CONTREVERITE- Enfin, Bruno Bidjang affirme: « Ce qu’il faut rappeler pour la petite histoire c’est que le Professeur Maurice Kamto  a rejoint l’équipe de Bakassi après son rôle joué  dans l’élection présidentielle de 1997 où il avait soutenu l’UNDP.» L’obnubilation révisionniste conduit malheureusement à des contrevérités déroutantes. Comme on l’a dit à plusieurs reprises, le dossier Bakassi est introduit en 1994 et la requête introductive d’instance est rédigée et signée notamment par le Professeur Maurice Kamto. Comment peut-on dès lors affirmer qu’il n’a rejoint l’équipe de Bakassi trois années après l’introduction de la plainte ? Par ailleurs, le Professeur Maurice Kamto n’a soutenu aucun parti politique lors de la présidentielle de 1997. S’il a apporté publiquement son soutien au candidat de l’Union pour le changement lors de l’élection présidentielle de 1992, il n’était membre d’aucun parti politique.

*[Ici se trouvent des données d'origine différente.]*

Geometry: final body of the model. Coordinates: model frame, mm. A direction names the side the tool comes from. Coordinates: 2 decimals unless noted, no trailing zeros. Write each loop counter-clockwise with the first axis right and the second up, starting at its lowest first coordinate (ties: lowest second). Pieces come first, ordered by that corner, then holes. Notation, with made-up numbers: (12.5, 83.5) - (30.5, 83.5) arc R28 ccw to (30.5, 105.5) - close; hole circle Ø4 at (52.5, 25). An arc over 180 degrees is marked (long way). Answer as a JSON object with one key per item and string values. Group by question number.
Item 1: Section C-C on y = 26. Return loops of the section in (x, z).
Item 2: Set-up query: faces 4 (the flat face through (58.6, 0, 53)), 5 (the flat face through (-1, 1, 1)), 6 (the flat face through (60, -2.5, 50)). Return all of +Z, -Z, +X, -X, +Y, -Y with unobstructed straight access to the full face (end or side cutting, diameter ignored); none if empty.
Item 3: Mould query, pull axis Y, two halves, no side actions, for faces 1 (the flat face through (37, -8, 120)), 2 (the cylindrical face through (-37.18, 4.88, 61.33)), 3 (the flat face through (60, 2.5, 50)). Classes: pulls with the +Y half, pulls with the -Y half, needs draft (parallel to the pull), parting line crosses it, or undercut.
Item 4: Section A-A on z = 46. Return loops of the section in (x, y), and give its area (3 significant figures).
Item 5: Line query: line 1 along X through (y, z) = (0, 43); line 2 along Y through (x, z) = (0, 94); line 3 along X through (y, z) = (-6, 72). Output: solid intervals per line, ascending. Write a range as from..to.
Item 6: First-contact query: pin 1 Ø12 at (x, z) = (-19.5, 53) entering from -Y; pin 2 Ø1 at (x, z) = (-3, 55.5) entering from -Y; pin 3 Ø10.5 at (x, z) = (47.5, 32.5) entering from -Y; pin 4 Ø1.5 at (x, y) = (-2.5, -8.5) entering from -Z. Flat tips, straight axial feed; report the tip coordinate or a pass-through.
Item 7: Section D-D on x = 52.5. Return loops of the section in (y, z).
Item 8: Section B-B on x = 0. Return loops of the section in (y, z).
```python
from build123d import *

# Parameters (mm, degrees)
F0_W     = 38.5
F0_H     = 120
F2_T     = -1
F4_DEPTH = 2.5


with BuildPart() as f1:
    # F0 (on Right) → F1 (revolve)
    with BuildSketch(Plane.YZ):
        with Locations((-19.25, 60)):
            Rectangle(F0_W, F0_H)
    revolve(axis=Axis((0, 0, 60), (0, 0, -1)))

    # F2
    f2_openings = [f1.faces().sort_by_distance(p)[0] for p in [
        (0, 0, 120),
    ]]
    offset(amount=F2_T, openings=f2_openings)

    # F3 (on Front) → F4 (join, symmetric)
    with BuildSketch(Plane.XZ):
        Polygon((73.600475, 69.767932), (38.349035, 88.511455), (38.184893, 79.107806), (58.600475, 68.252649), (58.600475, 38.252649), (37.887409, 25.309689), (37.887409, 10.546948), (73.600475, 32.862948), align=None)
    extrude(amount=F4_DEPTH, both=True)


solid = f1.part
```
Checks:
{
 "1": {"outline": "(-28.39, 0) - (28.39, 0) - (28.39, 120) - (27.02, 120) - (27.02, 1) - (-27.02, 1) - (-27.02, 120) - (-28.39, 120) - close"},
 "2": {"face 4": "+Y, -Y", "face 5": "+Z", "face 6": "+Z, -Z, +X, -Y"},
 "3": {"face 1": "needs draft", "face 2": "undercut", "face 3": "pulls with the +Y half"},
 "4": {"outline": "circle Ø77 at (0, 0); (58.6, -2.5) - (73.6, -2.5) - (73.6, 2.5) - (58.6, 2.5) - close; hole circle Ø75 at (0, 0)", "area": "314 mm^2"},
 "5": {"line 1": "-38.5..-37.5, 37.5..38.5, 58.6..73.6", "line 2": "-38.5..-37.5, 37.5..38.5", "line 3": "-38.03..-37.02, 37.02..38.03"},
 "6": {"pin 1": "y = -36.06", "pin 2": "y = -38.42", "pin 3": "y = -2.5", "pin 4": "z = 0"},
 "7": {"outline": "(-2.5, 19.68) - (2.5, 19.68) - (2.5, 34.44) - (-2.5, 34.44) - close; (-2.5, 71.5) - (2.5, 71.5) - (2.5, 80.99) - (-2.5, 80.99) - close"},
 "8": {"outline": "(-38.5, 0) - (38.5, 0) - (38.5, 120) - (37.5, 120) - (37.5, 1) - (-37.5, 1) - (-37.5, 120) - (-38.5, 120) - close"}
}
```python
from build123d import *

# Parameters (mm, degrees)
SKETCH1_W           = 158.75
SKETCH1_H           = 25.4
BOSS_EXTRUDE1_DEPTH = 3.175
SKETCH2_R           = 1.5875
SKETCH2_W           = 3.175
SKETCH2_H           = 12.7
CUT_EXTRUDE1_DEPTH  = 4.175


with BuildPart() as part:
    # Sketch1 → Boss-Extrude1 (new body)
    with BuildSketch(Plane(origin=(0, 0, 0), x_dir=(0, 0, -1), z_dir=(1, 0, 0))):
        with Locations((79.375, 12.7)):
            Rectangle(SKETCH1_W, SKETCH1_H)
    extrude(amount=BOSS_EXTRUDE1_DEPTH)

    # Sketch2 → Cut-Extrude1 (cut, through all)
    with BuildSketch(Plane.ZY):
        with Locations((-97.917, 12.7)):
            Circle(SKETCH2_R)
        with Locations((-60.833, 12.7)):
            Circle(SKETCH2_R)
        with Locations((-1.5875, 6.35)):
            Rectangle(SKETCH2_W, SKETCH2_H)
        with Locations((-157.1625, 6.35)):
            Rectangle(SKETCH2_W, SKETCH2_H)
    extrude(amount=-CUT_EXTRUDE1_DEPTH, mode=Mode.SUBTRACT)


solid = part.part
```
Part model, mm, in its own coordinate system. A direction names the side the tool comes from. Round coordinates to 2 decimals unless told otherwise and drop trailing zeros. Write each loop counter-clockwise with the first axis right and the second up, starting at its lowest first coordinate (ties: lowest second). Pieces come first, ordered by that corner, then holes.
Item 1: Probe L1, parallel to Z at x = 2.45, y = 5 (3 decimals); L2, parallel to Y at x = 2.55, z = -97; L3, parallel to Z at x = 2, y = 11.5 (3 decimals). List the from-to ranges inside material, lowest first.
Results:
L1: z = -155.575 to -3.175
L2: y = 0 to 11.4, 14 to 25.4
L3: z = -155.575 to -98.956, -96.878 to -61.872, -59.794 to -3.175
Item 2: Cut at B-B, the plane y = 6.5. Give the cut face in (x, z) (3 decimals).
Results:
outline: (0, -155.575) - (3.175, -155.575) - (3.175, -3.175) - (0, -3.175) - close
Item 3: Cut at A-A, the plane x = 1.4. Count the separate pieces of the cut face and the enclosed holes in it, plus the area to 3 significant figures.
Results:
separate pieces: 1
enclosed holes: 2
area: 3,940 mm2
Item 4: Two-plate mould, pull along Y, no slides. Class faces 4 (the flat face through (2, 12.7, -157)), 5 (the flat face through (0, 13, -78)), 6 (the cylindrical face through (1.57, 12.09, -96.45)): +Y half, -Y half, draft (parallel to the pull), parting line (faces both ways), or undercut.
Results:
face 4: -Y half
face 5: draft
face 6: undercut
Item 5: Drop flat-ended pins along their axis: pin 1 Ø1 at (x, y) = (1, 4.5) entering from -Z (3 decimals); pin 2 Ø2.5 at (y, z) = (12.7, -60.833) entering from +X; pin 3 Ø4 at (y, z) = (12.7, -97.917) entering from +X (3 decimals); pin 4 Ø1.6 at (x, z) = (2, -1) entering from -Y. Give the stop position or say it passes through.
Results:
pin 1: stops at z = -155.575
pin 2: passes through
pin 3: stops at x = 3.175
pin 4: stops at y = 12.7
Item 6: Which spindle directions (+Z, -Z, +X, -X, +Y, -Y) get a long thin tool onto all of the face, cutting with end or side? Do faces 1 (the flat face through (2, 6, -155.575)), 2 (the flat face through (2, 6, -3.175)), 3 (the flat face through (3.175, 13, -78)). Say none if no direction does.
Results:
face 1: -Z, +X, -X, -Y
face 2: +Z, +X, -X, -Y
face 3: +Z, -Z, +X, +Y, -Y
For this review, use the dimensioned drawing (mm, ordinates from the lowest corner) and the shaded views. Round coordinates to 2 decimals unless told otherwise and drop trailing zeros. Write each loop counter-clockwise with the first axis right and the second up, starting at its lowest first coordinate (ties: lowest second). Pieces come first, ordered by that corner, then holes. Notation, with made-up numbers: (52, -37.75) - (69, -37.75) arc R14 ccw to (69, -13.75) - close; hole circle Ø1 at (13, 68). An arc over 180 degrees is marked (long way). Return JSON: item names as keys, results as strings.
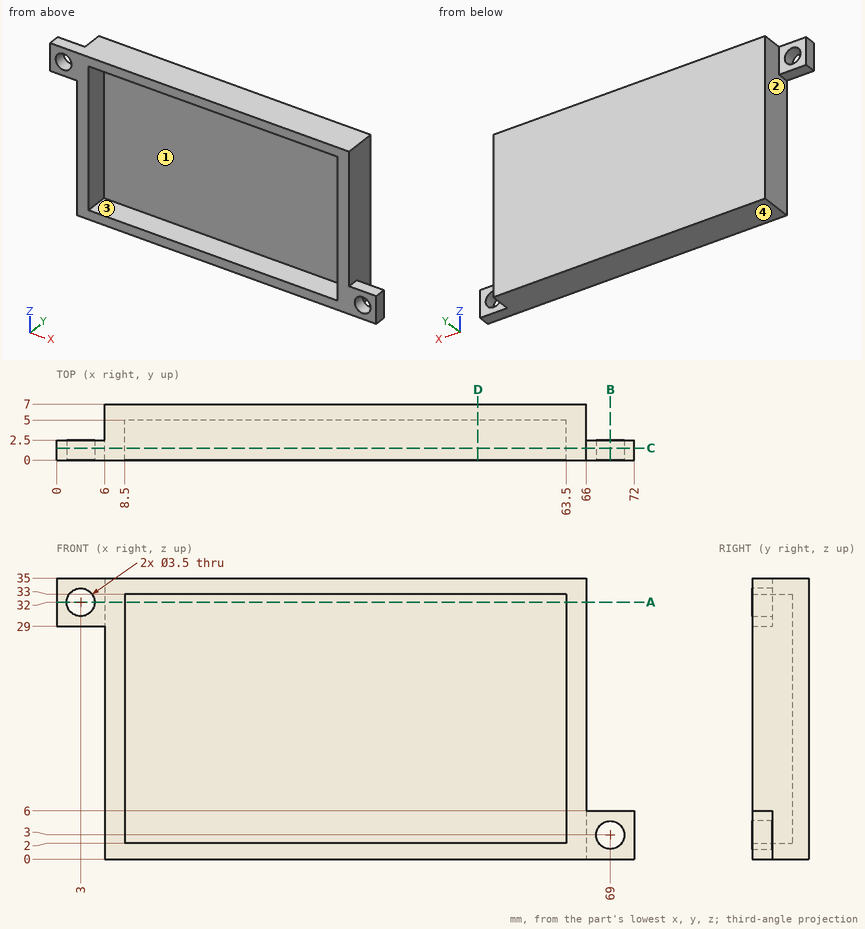
(1) Mouldability with a two-part tool opening along Z and no side actions: class the marked faces 1, 2, 3 and 4 as released by +Z, released by -Z, zero draft, split by the parting line, or undercut.
Filled in:
{"face 1": "undercut", "face 2": "zero draft", "face 3": "undercut", "face 4": "released by -Z"}
(2) Add section D-D (x = 52.5). Write out the cut boundary in (y, z), plus the area to 3 significant figures.
Filled in:
{"outline": "(0, 0) - (7, 0) - (7, 35) - (0, 35) - (0, 33) - (5, 33) - (5, 2) - (0, 2) - close", "area": "90.0 mm2"}
(3) Add section A-A (z = 32). Write out the cut boundary in (x, y), plus the area to 3 significant figures.
Filled in:
{"outline": "(0, 0) - (1.25, 0) - (1.25, 2.5) - (0, 2.5) - close; (4.75, 0) - (8.5, 0) - (8.5, 5) - (63.5, 5) - (63.5, 0) - (66, 0) - (66, 7) - (6, 7) - (6, 2.5) - (4.75, 2.5) - close", "area": "151 mm2"}
(4) Add section C-C (y = 1.5). Write out the cut boundary in (x, z).
Filled in:
{"outline": "(0, 29) - (6, 29) - (6, 0) - (72, 0) - (72, 6) - (66, 6) - (66, 35) - (0, 35) - close; hole circle Ø3.5 at (3, 32); hole (8.5, 2) - (63.5, 2) - (63.5, 33) - (8.5, 33) - close; hole circle Ø3.5 at (69, 3)"}
(5) Add section B-B (x = 69). Write out the cut boundary in (y, z), plus the area to 3 significant figures.
Filled in:
{"outline": "(0, 0) - (2.5, 0) - (2.5, 1.25) - (0, 1.25) - close; (0, 4.75) - (2.5, 4.75) - (2.5, 6) - (0, 6) - close", "area": "6.25 mm2"}
(6) Wall thickness on line 1 (X direction, y = 0.85, z = 32); line 2 (Z direction, x = 44, y = 4); line 3 (Z direction, x = 69, y = 1.15): over which ranges is each line inside the solid? List them lowest first.
Filled in:
{"line 1": "x = 0 to 1.25, 4.75 to 8.5, 63.5 to 66", "line 2": "z = 0 to 2, 33 to 35", "line 3": "z = 0 to 1.25, 4.75 to 6"}
(7) Clearance check with flat-ended pins moving along their axes: pin 1 Ø2.5 at (y, z) = (1.5, 24) entering from +X; pin 2 Ø1 at (y, z) = (0.5, 17) entering from -X; pin 3 Ø5.5 at (x, z) = (69, 3) entering from +Y. State where each tip first meets the part, or that it passes through.
Filled in:
{"pin 1": "stops at x = 66", "pin 2": "stops at x = 6", "pin 3": "stops at y = 2.5"}

Voici donc des faits, qu’une indispensable OPERATION LUCIDITE-VERITE ne peut que confirmer. Après 40 années de désastre managérial, le régime BIYA essaye désespérément de s’accrocher à la seule « réalisation » de son règne : la victoire du Cameroun dans un contentieux devant la Cour internationale de Justice, l’opposant au Nigéria, au sujet de la presqu’île de BAKASSI. Ce faisant, il tente malicieusement de réduire, de diluer, d’invisibiliser, la contribution intellectuelle majeure, du Professeur Maurice KAMTO, probablement le meilleur expert en droit international en Afrique et l’un des meilleurs au monde. Cette « anthropophagie » intellectuelle est inacceptable.